Os adolescentes, por sua vez, dizem gostar das oficinas, mas afirmam que nem sempre têm oportunidade de participar.

Eu gosto. Eu queria ir pra oficina de cerâmica. Eu fiz só de limpeza (Leandro, 17 anos, nona internação).

Pra oficina tô indo não. Fiz só uma, de produto de limpeza. Gostei (Eduardo, 17 anos, primeira internação).

Tô fazendo aqui, artes. A de informática não colocaram eu ainda não, mas eu vou fazer, vou começar agora. Gosto das oficina, eu quero fazer mesmo. Porque mais pra frente eu posso querer arrumar um trabalho (Beto, 17 anos, primeira internação).

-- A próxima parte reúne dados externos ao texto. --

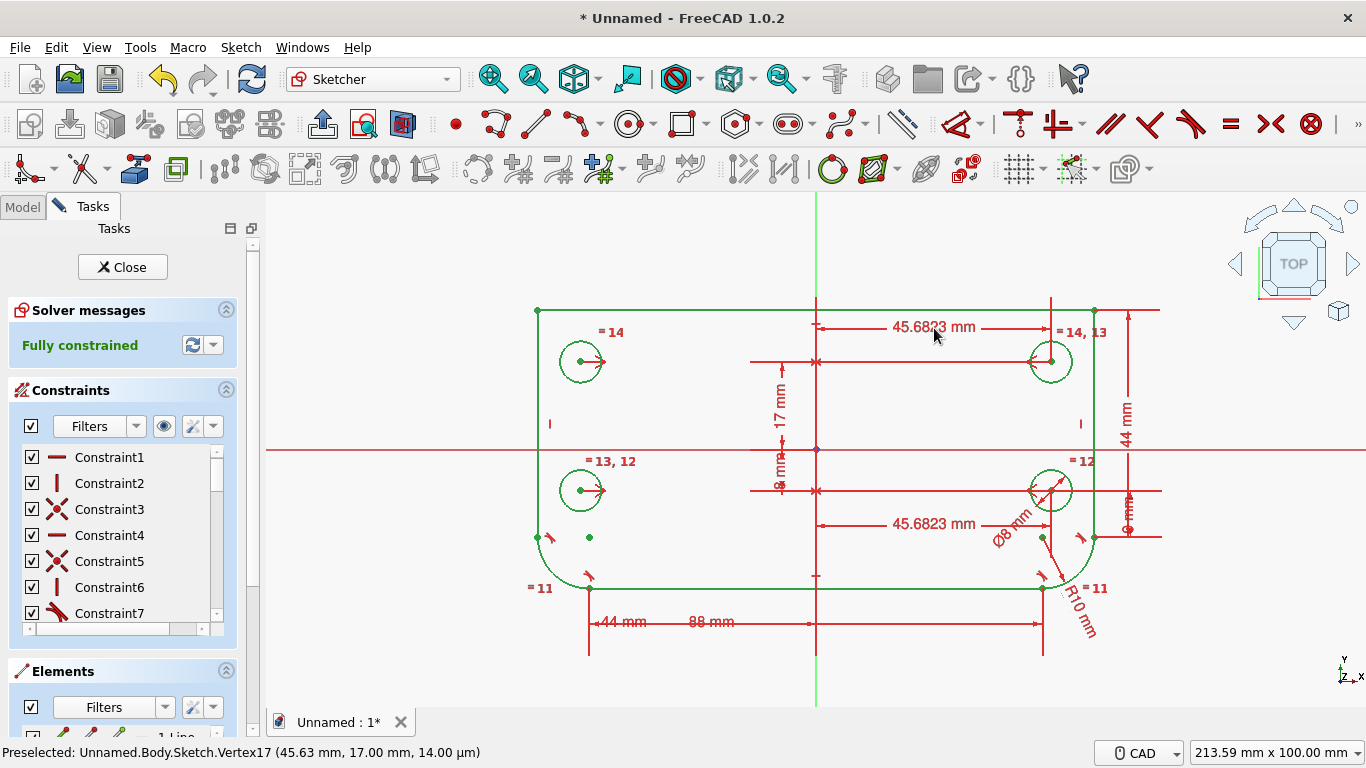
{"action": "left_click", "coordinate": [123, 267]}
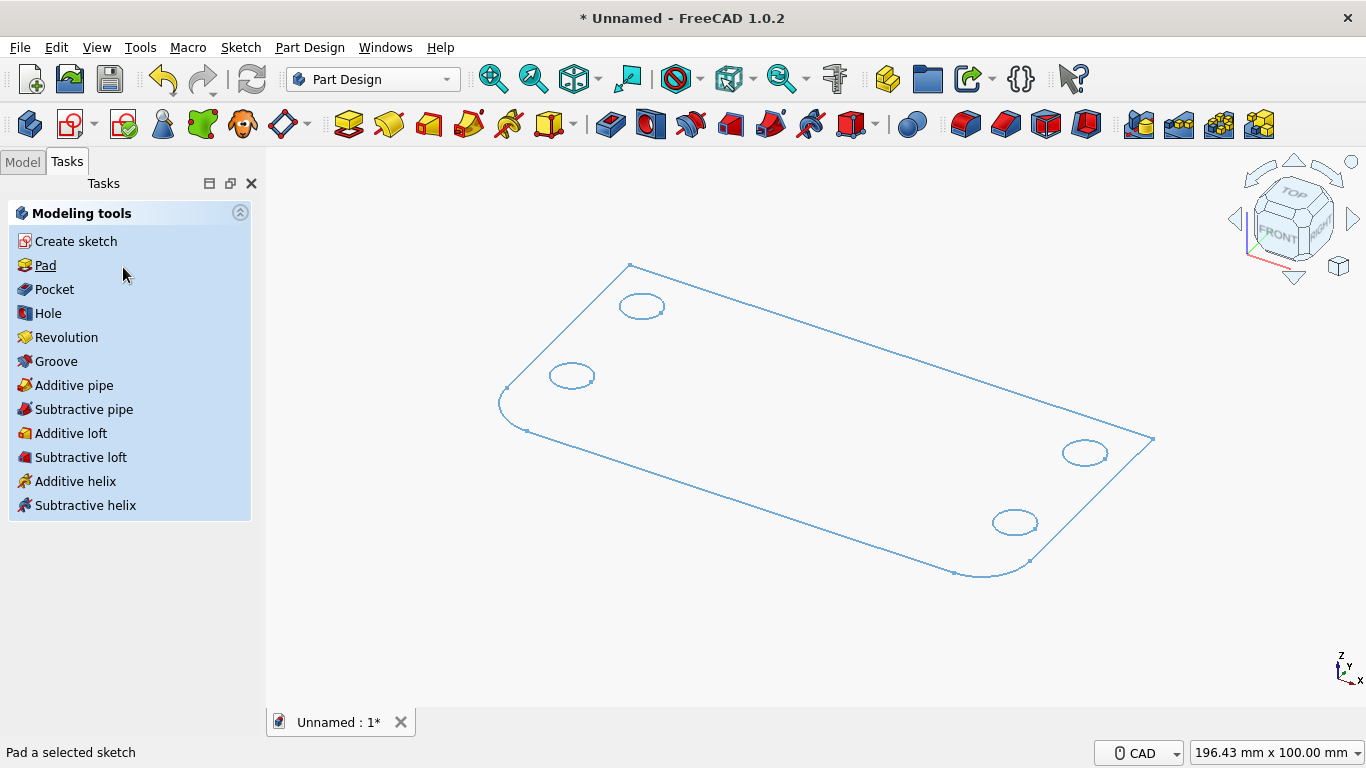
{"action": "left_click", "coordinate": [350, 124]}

Como toda e qualquer instituição com caráter totalitário, no CEA todas as atividades realizadas pelos internos são vigiadas e controladas, segundo as tecnologias disciplinares ou de controle, discutidas por Foucault (1996), na tentativa de transformar “corpos rebeldes” em “corpos dóceis”, “úteis” e “socialmente produtivos”.

Deste modo, mesmo durante as atividades das oficinas, que geralmente acontecem em salas fechadas, com o oficineiro presente, fazem-se presentes agentes sociais, que vigiam e controlam os adolescentes a todo instante.

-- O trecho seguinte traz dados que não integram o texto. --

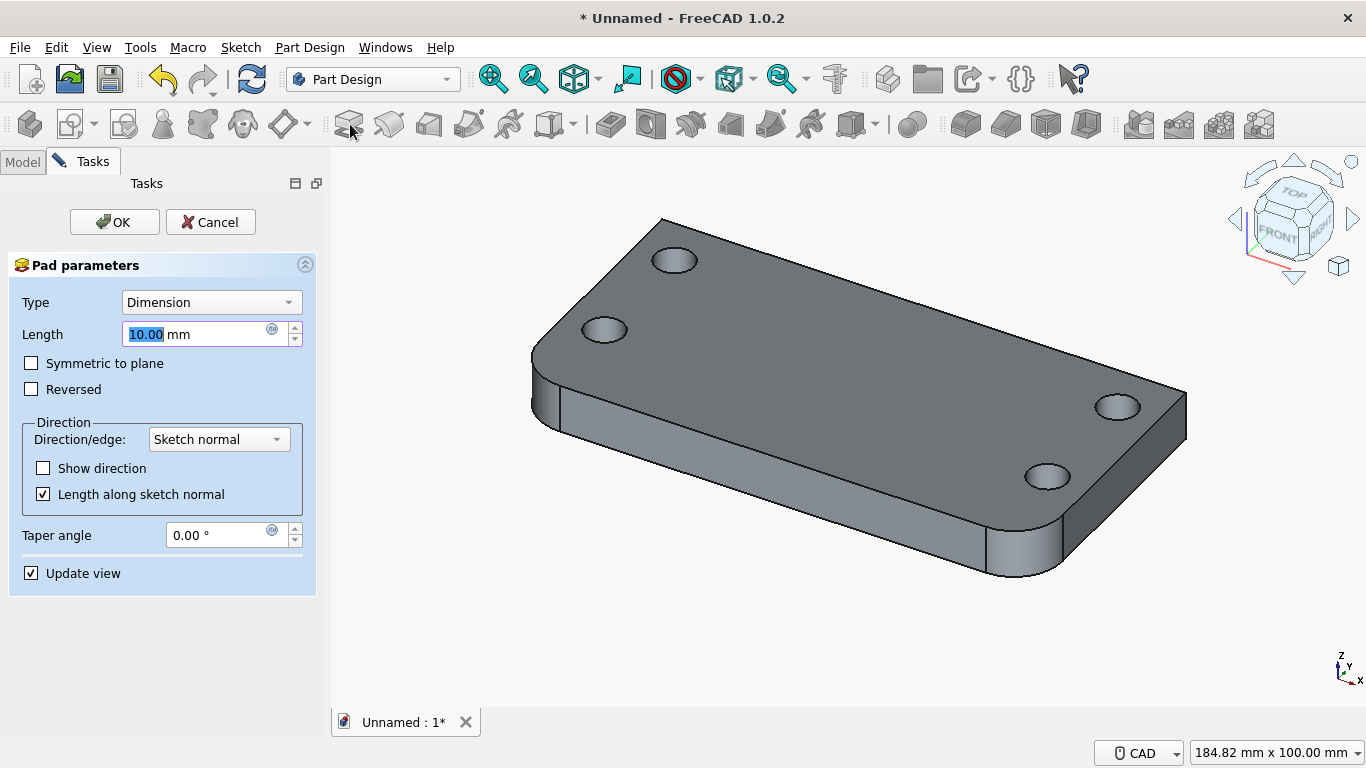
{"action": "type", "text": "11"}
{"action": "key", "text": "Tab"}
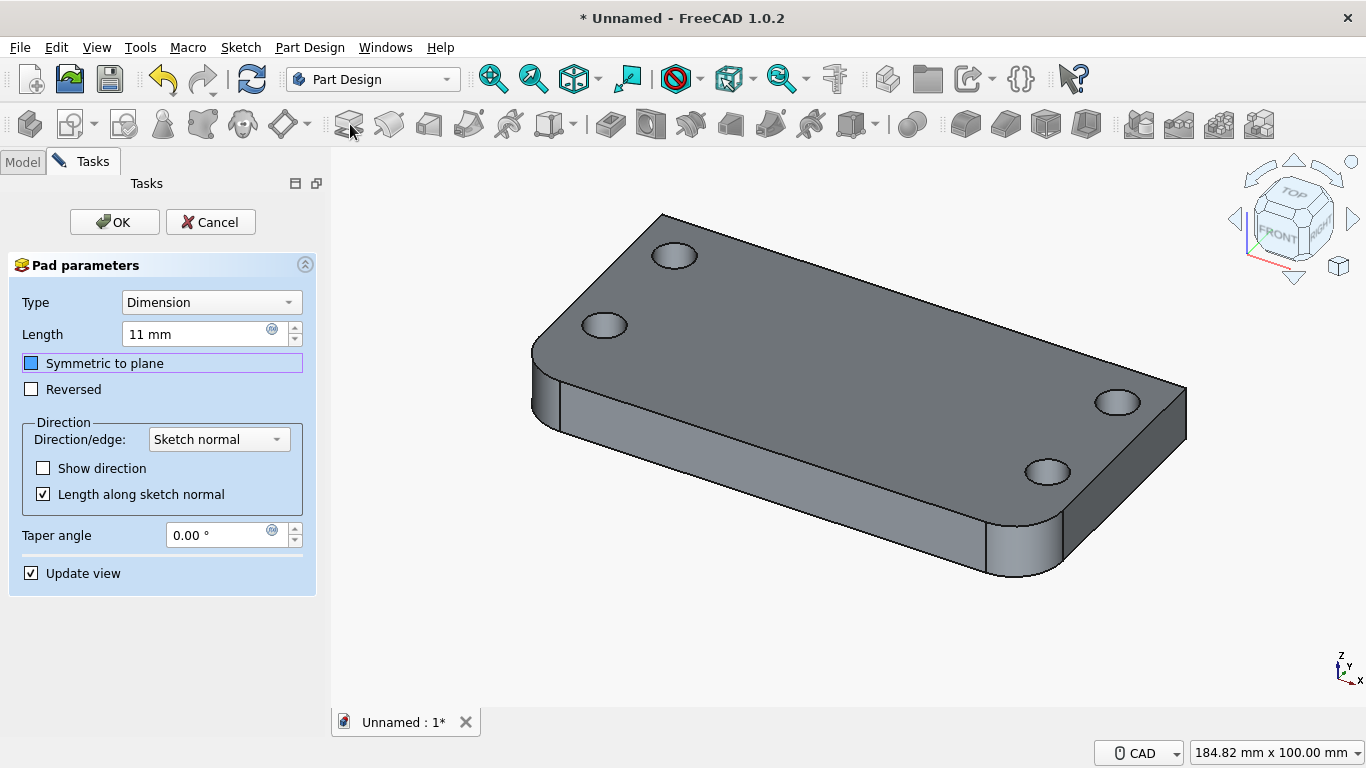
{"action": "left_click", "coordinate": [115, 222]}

Foto 26: Adolescentes trabalhando na oficina de material de limpeza Crédito: Arquivo do CEA

Deste modo, pode-se dizer que, no CEA o poder disciplinar (FOUCAULT, 1996), utiliza o “olhar vigilante” e a “sanção normalizadora” como instrumentos para a construção do modelo de ressocialização, estabelecendo uma relação retributiva/punitiva. Ou seja, aqueles adolescentes que cumprem as normas e regras da instituição, participando e tendo bom comportamento, das atividades de cunho obrigatório, como a escola, por exemplo, são beneficiados, podendo participar de diversas atividades que não são de cunho obrigatório e que os agradam, como por exemplo, as oficinas. Estabelece-se, nesse sentido, um processo de troca entre os adolescentes e a instituição.